At some later point, our Hindu-Arabic numeral system was invented and made its way to the West. This system of writing numbers is meant for there to be an obvious connection between the numbers we write, and how to add and multiply them, via a specific written procedure. Kings and princes were astounded at the prospect of people being able to do arithmetic on paper, or in their head, without using an abacus as a calculator. It's like magic! It's not some kind of accident that we use a positional-number system, it was engineered that way only so that we could use a specific adding and multiplying algorithm. In teaching a child to do arithmetic, why would you not use the written number tool the way it was designed to be used?
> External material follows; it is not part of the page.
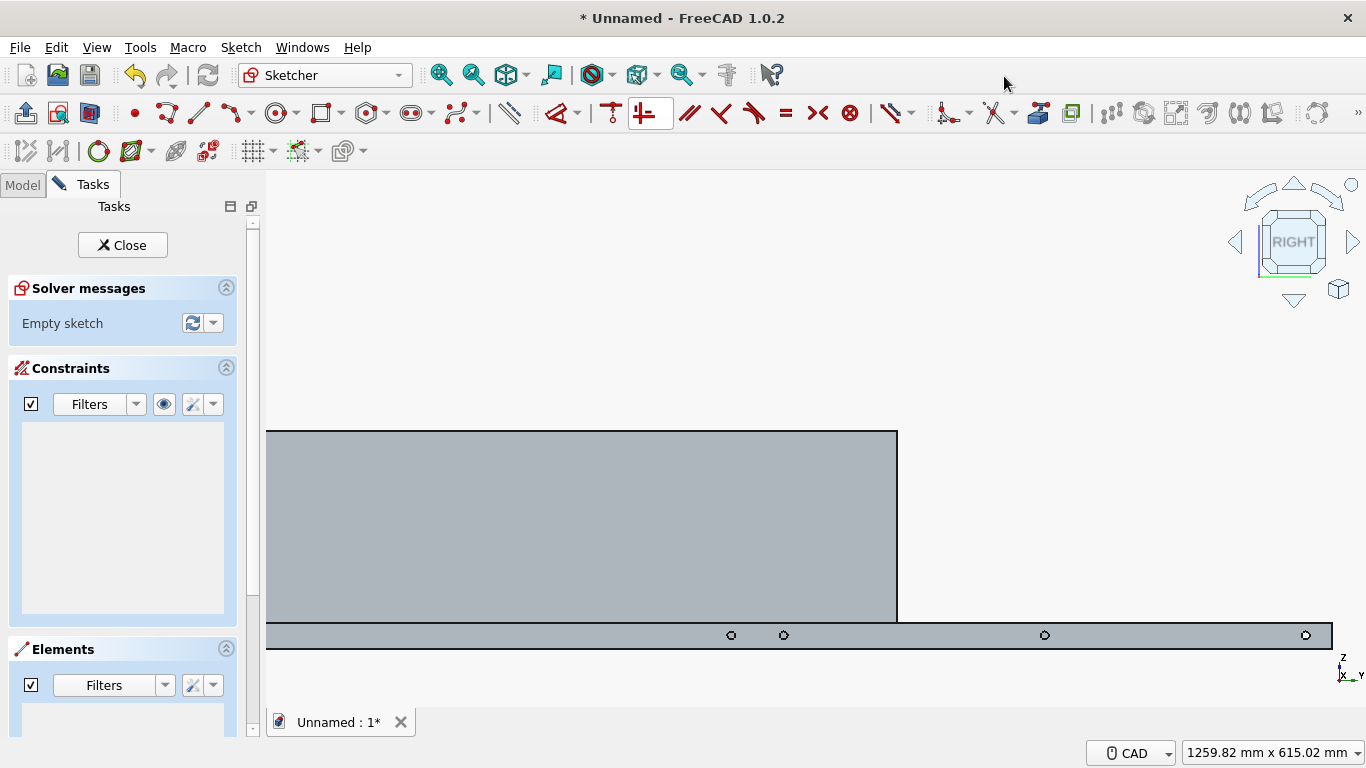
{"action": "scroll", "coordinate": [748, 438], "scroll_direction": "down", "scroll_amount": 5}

In summary, it's fascinating that both reading & writing instruction have taken almost exactly parallel paths in the last few decades in America. In each case, they have abandoned the rationale for which the writing tool was designed in the first place. It's like showing someone a power saw for this first time and them asking them, "Can you think of something you might use this for?" To leave out the intention of the tool is to miss the whole point of it. We should play to the strengths of our writing technology, and not frustrate ourselves fighting against it.

Math Wars

Recently I've had some discussions about the wacky stuff being taught in elementary math classes these days. Not something I deal with directly in the college classes I teach, but turns out there's a whole history to the current situation actually referred to as the "Math Wars"!


Basically, there's been a dispute over whether to emphasize "procedural" (algorithmic, memorized step-by-step processes) or "conceptual" (creative, inventive, big ideas) skills in the earliest grades. In the last 2 decades or so the "conceptual" camp has basically won the debate in teacher education schools, claiming to have research backing up the approach. Recently there have been calls for a more middle-ground approach.

Interesting articles in this month's American Educator magazine. One by cognitive psychologist Daniel T. Willingham: http://www.aft.org/pubs-reports/american_educator/issues/winter09_10/willingham.pdf
In cultivating greater conceptual knowledge, don't sacrifice procedural or factual knowledge. Procedural or factual knowledge without conceptual knowledge is shallow and is unlikely to transfer to new contexts, but conceptual knowledge without procedural or factual knowledge is ineffectual. Tie conceptual knowledge to procedures that students are learning so that the "how" has a meaningful "why" associated with it; one will reinforce the other. Increased conceptual knowledge may help the average American student move from bare competence with facts and procedures to the automaticity needed to be a good problem solver. But if we reduce work on facts and procedures, the result is likely to be disastrous.

And another article by professor E.D. Hirsh: http://www.aft.org/pubs-reports/american_educator/issues/winter09_10/hirsch.pdf
The victory of the progressive, anti-curriculum movement has chiefly occurred in the crucial early grades, and the further down one goes in the grades, the more intense the resistance to academic subject matter with the greatest wrath reserved for introducing academic knowledge in preschool. It does not seem to occur to the anti-curriculum advocates that the four-year-old children of rich, highly educated parents are gaining academic knowledge at home, while such knowledge is being unfairly withheld at school (albeit with noble intentions) from the children of the poor. For those who truly want equality, a common, content-rich core curriculum is the only option. It is the only way for our disadvantaged children to catch up to their more advantaged peers.